Para ilustrar o que entendemos por procedimentos hermenêuticos não convincentes, precisamos apenas lembrar a maneira pela qual muitos conservadores tentam harmonizar a Bíblia com a visão de Copérnico do universo. Quando Copérnico abandonou o modelo geocêntrico do universo pelo heliocêntrico, ele apelou à Igreja. Os líderes da igreja apelaram para as escrituras, que comparam o sol a “um homem forte que corre uma corrida cujo circuito é de um extremo ao outro do céu” (Salmo 19: 4 e 5) e que declara que ele “firmou o mundo para que ele não se mova” (Salmo 93: 1) A partir desses e de outros textos semelhantes, eles concluíram que o sol estava se movendo ao redor da terra, que permanece fixo em uma posição, e estava correto de uma certa maneira.  Foi o que o texto da redação disse. Hoje, não podemos mais aceitar isso como uma descrição científica do que está acontecendo. Alguns conservadores ainda se sentem compelidos a conciliar a escrita com a realidade. Normalmente eles lidam com o problema respondendo que as passagens nos salmos são poesia, mas essa observação hermenêutica é mais uma afirmação acadêmica do que uma ajuda real para a poesia, porque seu significado é prosa. “Ele firmou o mundo para que ele não se mova.” Dificilmente pode ser uma oração poética dizer que a Terra está girando em seu eixo e girando pelo espaço em um caminho determinado pela órbita do sol. O significado que os intérpretes antigos deram a este texto é sem dúvida o significado que o autor deu.

Desses vários pontos de vista, é justamente evidente qual é o problema central no debate da heliocentridade: O problema é da autoridade da Bíblia. Deus realmente escreveu “verdade verdadeira”, como Francis Schaeffer a chama; Ou ele escreveu mentiras por causa da conveniência de não parecer muito incongruente para a mente antiga? A Bíblia está clara em seus ensinamentos ou precisamos de “especialistas” científicos para aconselhar o que “Deus realmente quis dizer ao nos dizer” como é, porque obviamente não temos a capacidade de dizer com propriedade, segurança e satisfação?  E se Deus escreve coisas que não são verdades verdadeiras nessas passagens que se referem à imobilidade da terra, então como o homem pode confiar em qualquer outra coisa que Deus escreve? Como podemos saber o que Deus “diz” ao dizer ou qual é a verdade se isso não significa aquilo que diz em primeiro lugar? Ou a ideia heliocêntrica é apenas outra versão negativa de Satanás, usada para Eva em Gênesis 3: 1, para trazer dúvidas sobre a veracidade da palavra de Deus? E, finalmente, é a evidência do heliocentrismo tão esmagadora quanto os textos elementares fazem parecer, ou é um daqueles casos a que Kuhn se refere quando escreve sobre as origens e a história das idéias científicas:

No caso dos livros didáticos, pelo menos, há boas razões porque, nessas questões, são sistematicamente desinformados.

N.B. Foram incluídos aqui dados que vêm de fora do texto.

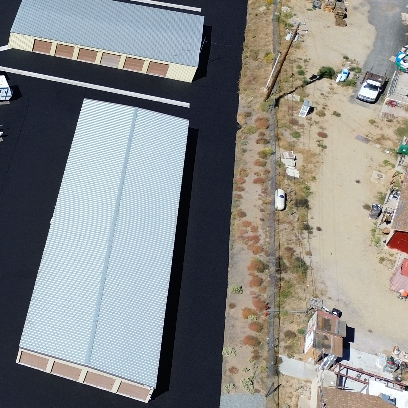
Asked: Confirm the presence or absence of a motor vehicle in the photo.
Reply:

Finalmente, no século passado, houve uma explosão de conhecimento, sem precedentes históricos, à luz do qual o geocentrismo retornou em uma nova forma chamada geocentrismo. A chave para a distinção entre geocentrismo e geocentrismo é esta: o geocentrismo era, como diz o sufismo, uma idéia divisória; divisivo no sentido de que o modelo não permitia um universo no qual as partes estivessem livres para interagir. Posteriormente em textos históricos, documentaremos o modelo geocêntrico de Oscurantismo, no qual os planetas se moviam em esferas cristalinas e onde nenhum corpo astral poderia deixar sua esfera particular. A geocentridade, por outro lado, é um modelo integrador que liga as partes do cosmos como um todo.  Por outro lado, o heliocentrismo geralmente precisa de hipóteses adicionais para sua explicação como um fenômeno. Examinaremos esse aspecto do geocentrismo em publicações futuras. Mas primeiro examinaremos o modelo bíblico em textos para este site.